Regardless of whether they are in fact local, it seems there’s a legion of hopefuls projecting their fervent territorialism (and imaginations) on Sunset Junction – High on self importance and the cache associated with being comped at The Echo, these folk cherish this slice of musical history like its either their first born or some unique species, as if the area is some elongated music video set.

To these valued members of society, Sunset Junction is a last bastion of all that counts – something that could be forever lost if they avert their eyes long enough. It’s a place where they wistfully gaze, as if conjuring imagined ( and dated) fantasies about some indie utopia  with ensuing visions of say Elliot Smith, Beck and assorted members of The Silversun Pickups sauntering along Sunset boulevard after  masking their  Spaceland hangovers with a carb heavy breakfast at Millies.

So it smacks of a little irony ( and in the face of the aforementioned) audacity  when Los Feliz resident Jesus Rodriguez a Venezuelan born Indie film maker/director recently  started publicizing his first film, a musical project focusing on the area. Why ? Rather than capture some contrived pseudo art fashion documentary, he instead created a traditional, high camp, all singing all dancing musical called Sunset Junction.

Add to this  the audacious addition  of a love triangle storyline, “exploring a struggling star falling in and out of love with her co stars,” and it seems he’s begging for trouble by a staunch legion of snarky hacks scraping a living in LA.

Indeed, met with a trailer of the film on website LAist, one less than visible blogger,  bent on compensatory bombast, extolled, as if defending hallowed turf, “it makes the most gentrified parts of Silver Lake look like Melrose Place shot by a bunch of amateurs. That, and a general Flashdance/Showgirls vibe, without the metallurgy or the tits.”

Jesus says while he’s a little offput by the scornful tone, he’s  content with the appraisal  stating the obvious, let alone the naïve sentiment behind Silverlake’s eschewing  some apparent “edgy,” aesthetic. “Ultimately it doesn’t matter what the backdrop is, its kind of irrelivent really its basically a story about falling in and out of love,

“I think there is a level of irony in seeing people that are supposedly hardcore indie musical types performing in a musical, it kind of mission accomplished if that’s the sort of reaction  that local press will offer.”

Emphasizing that the hipster/ indie vibe isn’t so elitist anymore, Jesus  also points out that Silverlake was one of the first  areas of the inner east to undergo gentrification  and nowadays has around as many  six figure yuppies as the likes of Santa Monica.

Still that’s not to say the film is peppered with a cheesy  commercial soundtrack.  There are edgy songs from 13 different artists and bands who to extricate “Sunset Junction,” from being the next distraction for the world’s Justin Beiber fans. Amongst them are the likes of Helen Stellar Maleco Collective, Jail Weddings, and soundtrack composer duo Marc Dold and Judith Martin (Blood Diamonds and Little Miss Sunshine).

The film was shot on a was shot on a on a budget of less than $10,000. With a Canon 7D, which is originally intended for still pictures.
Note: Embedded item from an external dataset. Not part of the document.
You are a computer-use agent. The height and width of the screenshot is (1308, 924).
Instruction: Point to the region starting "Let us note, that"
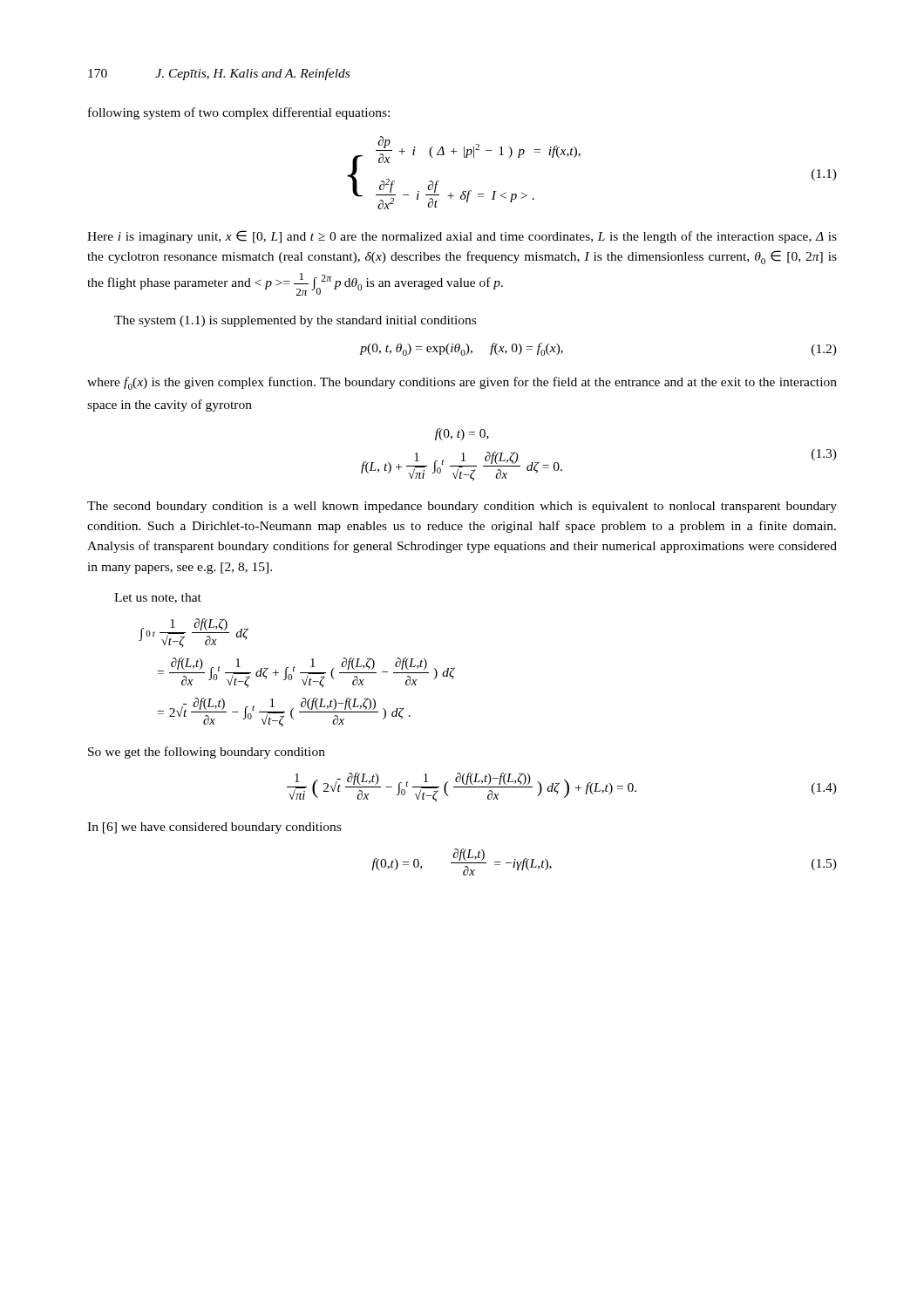coord(158,597)

Jesus reveals additional logistical snippets, “ We gathered more than one hundred people that volunteered their time and their work to make this project a reality. We shot during 35 days and used 27 locations all for free.”

While the moniker “indie,” is ia little nebulous nowadays given the latent destruction of the record label hierarchy and infrastructure, Jesus feels comfy calling Sunset Junction an indie-musical.

Revisiting the whole perception of his film’s backdrop as  the antithesis of the Hollywood ethos, he reflects that this concept is a tad pretentious, and “somewhat naïve. In the face of clichés about passion, artistry and scene mongering, Jesus says he’s more a realist,. “Its ironic and maybe naïve to still perceive Silverlake as this bastion of indie music where the  exponents aren’t remotely interested in attaining any form of success.”

“In the end, no matter what they say, people in the entertainment industry want to succeed and get recognition for what they do.”